Related: Kayaking Away From the Boston Globe 

Don't text from the canoe.

He believes that by using a smartphone to reward drivers for not reaching for it every other minute, they may actually pay more attention to practicing good-driving habits.

English’s app, called Road Wars, debuted in November....

Sigh. It is literally a war paper, be it promoting the actual thing with lies or framing every single f***ing issue, no matter how innocuous, in those terms. I suppose that is one rea$on among many that I don't like reading this $hit anymore.

To understand just how prevalent smartphone use is among motorists, just look around on the road. Ray LaHood, former US secretary of transportation, has called distracted driving an “epidemic on America’s roadways.”

I'm not endorsing texting while driving, but I'm all out of edge-of-my-seat urgency for whatever is the latest fear-mongering concern.

At any given moment, about 660,000 motorists across the country are using some kind of electronic device while driving, according to the US Department of Transportation’s National Highway Traffic Safety Administration.
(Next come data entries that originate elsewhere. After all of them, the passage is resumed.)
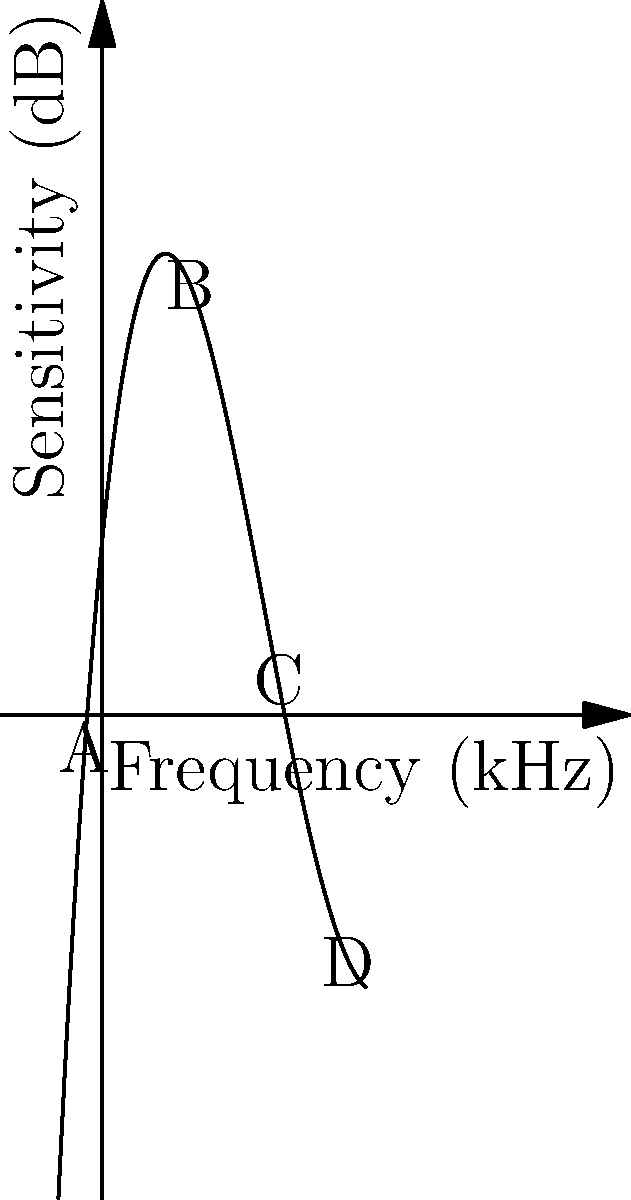The graph represents the sensitivity of the human ear to different frequencies. Which point on the graph corresponds to the frequency range where the human ear is most sensitive, and what does this imply for hearing aid design? To answer this question, we need to analyze the graph and understand its implications:

1. The x-axis represents frequency in kHz, and the y-axis represents sensitivity in dB.
2. The curve shows how sensitive the human ear is to different frequencies.
3. The highest point on the curve represents the frequency range where the ear is most sensitive.
4. Examining the graph, we can see that point B is at the peak of the curve.
5. Point B corresponds to a frequency of around 2-4 kHz.
6. This means the human ear is most sensitive to sounds in this frequency range.
7. For hearing aid design, this implies:
   a) Hearing aids should amplify frequencies around 2-4 kHz less than other frequencies.
   b) More amplification may be needed for frequencies outside this range.
   c) The design should focus on maintaining clarity in this sensitive range while boosting other frequencies.
Answer: Point B; design hearing aids to amplify less at 2-4 kHz, focus on other frequencies. 
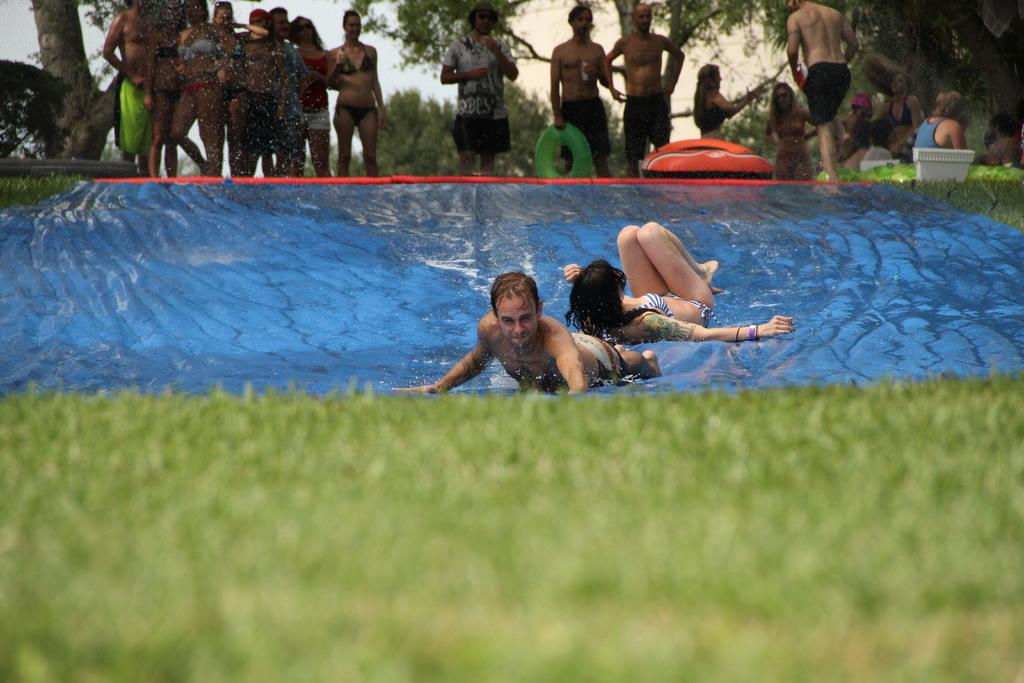How many people are in the image? There are people in the image. What are two people doing in the image? Two people are swimming in the water. What type of vegetation is present in the image? There are trees in the image. What else can be seen in the image besides people and trees? There are objects and grass in the image. Are there any jellyfish visible in the water where the people are swimming? There is no mention of jellyfish in the image, so we cannot determine their presence. What type of ornament is hanging from the trees in the image? There is no mention of an ornament in the image, so we cannot determine its presence. 
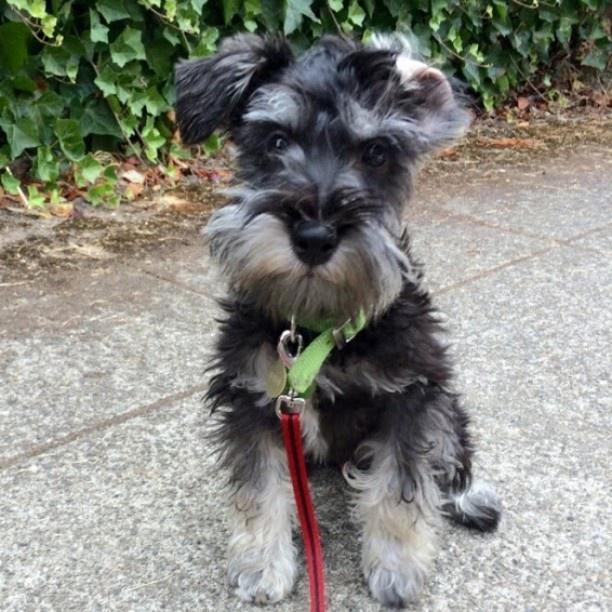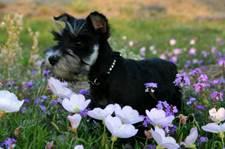The first image is the image on the left, the second image is the image on the right. For the images displayed, is the sentence "An image shows one schnauzer in the grass, with planted blooming flowers behind the dog but not in front of it." factually correct? Answer yes or no. No. The first image is the image on the left, the second image is the image on the right. Given the left and right images, does the statement "A person is standing with a group of dogs in the image on the left." hold true? Answer yes or no. No. 
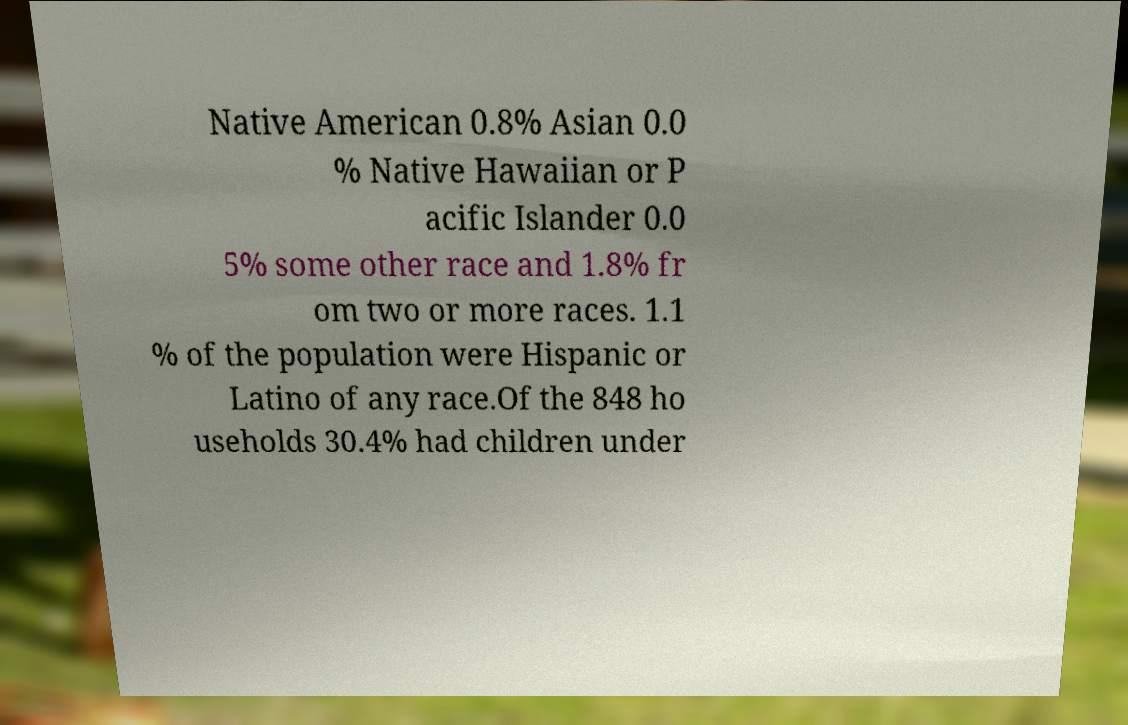I need the written content from this picture converted into text. Can you do that? Native American 0.8% Asian 0.0 % Native Hawaiian or P acific Islander 0.0 5% some other race and 1.8% fr om two or more races. 1.1 % of the population were Hispanic or Latino of any race.Of the 848 ho useholds 30.4% had children under

That behavior contributed to more than 3,300 traffic fatalities and 387,000 injuries in 2011, the agency reported in April.

I think I'll walk.

Massachusetts and 40 other states have bans against texting while driving, and 12 have outlawed handheld phone use altogether while driving.

“It’s already against the law and yet people do it anyway,” said Patricia Jacobs, president of AT&T New England. “Ninety-eight percent of people know texting and driving is dangerous, and close to 50 percent of them will do it anyway.”

I don't.

For AT&T’s “It Can Wait” campaign to stop texting and driving, the company developed an app called DriveMode that can send automatic replies to anyone contacting a driver’s smartphone. The app kicks in when the phone detects the car is moving faster than 25 miles per hour.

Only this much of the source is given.